Stored dataset items
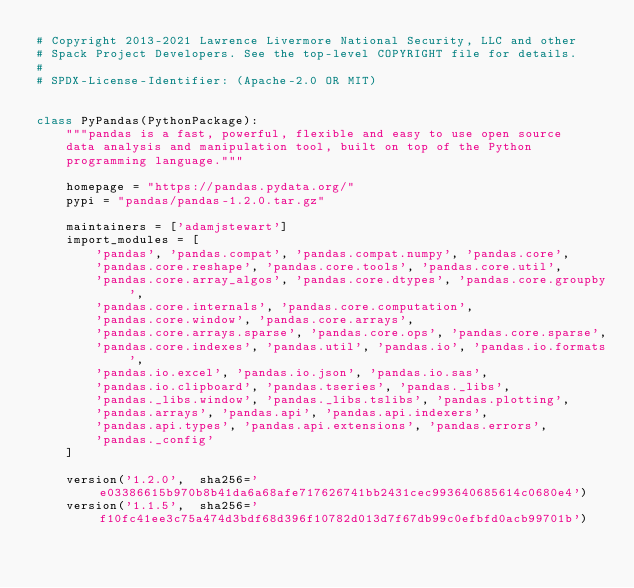Convert code to text. <code><loc_0><loc_0><loc_500><loc_500><_Python_># Copyright 2013-2021 Lawrence Livermore National Security, LLC and other
# Spack Project Developers. See the top-level COPYRIGHT file for details.
#
# SPDX-License-Identifier: (Apache-2.0 OR MIT)


class PyPandas(PythonPackage):
    """pandas is a fast, powerful, flexible and easy to use open source
    data analysis and manipulation tool, built on top of the Python
    programming language."""

    homepage = "https://pandas.pydata.org/"
    pypi = "pandas/pandas-1.2.0.tar.gz"

    maintainers = ['adamjstewart']
    import_modules = [
        'pandas', 'pandas.compat', 'pandas.compat.numpy', 'pandas.core',
        'pandas.core.reshape', 'pandas.core.tools', 'pandas.core.util',
        'pandas.core.array_algos', 'pandas.core.dtypes', 'pandas.core.groupby',
        'pandas.core.internals', 'pandas.core.computation',
        'pandas.core.window', 'pandas.core.arrays',
        'pandas.core.arrays.sparse', 'pandas.core.ops', 'pandas.core.sparse',
        'pandas.core.indexes', 'pandas.util', 'pandas.io', 'pandas.io.formats',
        'pandas.io.excel', 'pandas.io.json', 'pandas.io.sas',
        'pandas.io.clipboard', 'pandas.tseries', 'pandas._libs',
        'pandas._libs.window', 'pandas._libs.tslibs', 'pandas.plotting',
        'pandas.arrays', 'pandas.api', 'pandas.api.indexers',
        'pandas.api.types', 'pandas.api.extensions', 'pandas.errors',
        'pandas._config'
    ]

    version('1.2.0',  sha256='e03386615b970b8b41da6a68afe717626741bb2431cec993640685614c0680e4')
    version('1.1.5',  sha256='f10fc41ee3c75a474d3bdf68d396f10782d013d7f67db99c0efbfd0acb99701b')</code>

### WORK REQUEST
Filter the entries down to the lines holding the string "util". Copy each of those lines.

### TASK RESPONSE
        'pandas.core.reshape', 'pandas.core.tools', 'pandas.core.util',
        'pandas.core.indexes', 'pandas.util', 'pandas.io', 'pandas.io.formats',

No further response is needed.